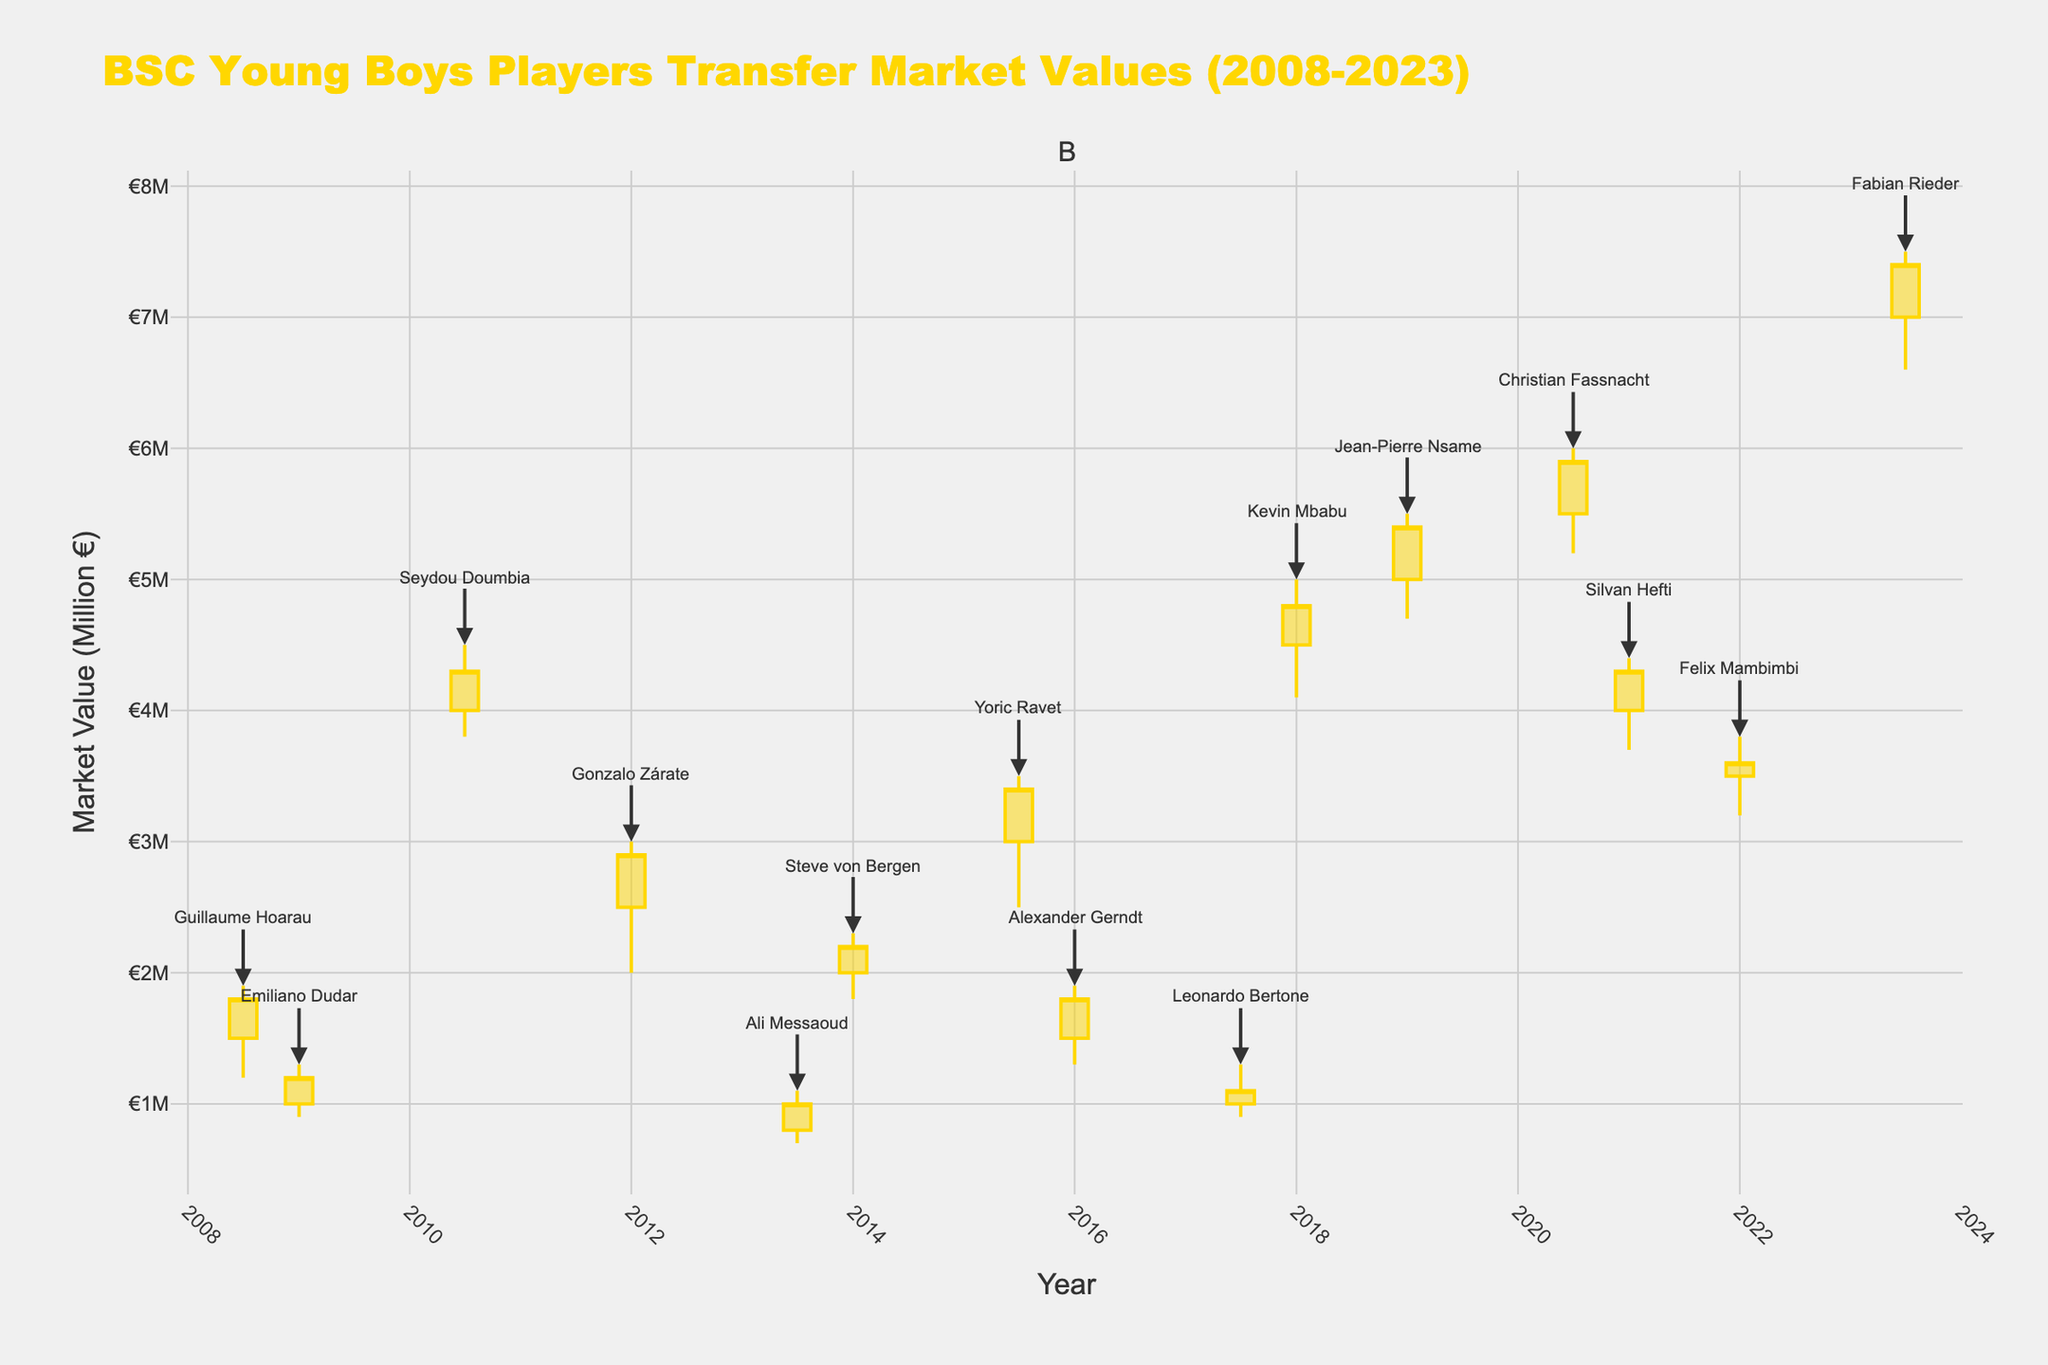What is the title of the plot? The title of the plot is displayed at the top of the figure.
Answer: BSC Young Boys Players Transfer Market Values (2008-2023) Which two players had the highest market value in the plot? The highest market values are represented by the upper shadows of the candlesticks. Identify the two players with the highest upper shadows.
Answer: Fabian Rieder and Christian Fassnacht During which year did Jean-Pierre Nsame have a close value of 5.4 million euros? Look for the candlestick with a close value of 5.4 million euros and identify the corresponding year and player.
Answer: 2019 What is the range of values for Kevin Mbabu's market value in January 2018? The range is calculated by subtracting the low value from the high value in January 2018 for Kevin Mbabu's candlestick. High: 5.0, Low: 4.1. Range = 5.0 - 4.1
Answer: 0.9 million euros During which year did Silvan Hefti have a market value increase as portrayed by the candlestick? A market value increase is represented by a candlestick where the close value is higher than the open value. Identify the year of Silvan Hefti's increasing candlestick.
Answer: 2021 Which player had the lowest market value in January 2016? Identify the player with a candlestick having the lowest values in January 2016 by examining the lowest shadows of candlesticks.
Answer: Alexander Gerndt Among the three players with the highest closing market values, who are they? Look at the heights of candlesticks' closing values and identify the three players with the highest closing values.
Answer: Fabian Rieder, Christian Fassnacht, Jean-Pierre Nsame Calculate the median high value of players' market values from the plot. List out all the high values from each candlestick and find the median (middle value in an ordered list). High values: 1.9, 1.3, 4.5, 3.0, 1.1, 2.3, 3.5, 1.9, 1.3, 5.0, 5.5, 6.0, 4.4, 3.8, 7.5. Ordered: 1.1, 1.3, 1.3, 1.9, 1.9, 2.3, 3.0, 3.5, 3.8, 4.4, 4.5, 5.0, 5.5, 6.0, 7.5. Median = 3.5
Answer: 3.5 million euros Which player name annotation is closest to the bottom of the plot? The player name annotation closest to the bottom will be associated with the lowest candlestick’s low value. Identify the corresponding player.
Answer: Ali Messaoud
━━━━━━
ACTION ITEM:
Begin with the line holding "Answer: Fabian Rieder, Christian" and end with the last line of the material. Copy all of them exactly.

TASK OUTPUT:
Answer: Fabian Rieder, Christian Fassnacht, Jean-Pierre Nsame Calculate the median high value of players' market values from the plot. List out all the high values from each candlestick and find the median (middle value in an ordered list). High values: 1.9, 1.3, 4.5, 3.0, 1.1, 2.3, 3.5, 1.9, 1.3, 5.0, 5.5, 6.0, 4.4, 3.8, 7.5. Ordered: 1.1, 1.3, 1.3, 1.9, 1.9, 2.3, 3.0, 3.5, 3.8, 4.4, 4.5, 5.0, 5.5, 6.0, 7.5. Median = 3.5
Answer: 3.5 million euros Which player name annotation is closest to the bottom of the plot? The player name annotation closest to the bottom will be associated with the lowest candlestick’s low value. Identify the corresponding player.
Answer: Ali Messaoud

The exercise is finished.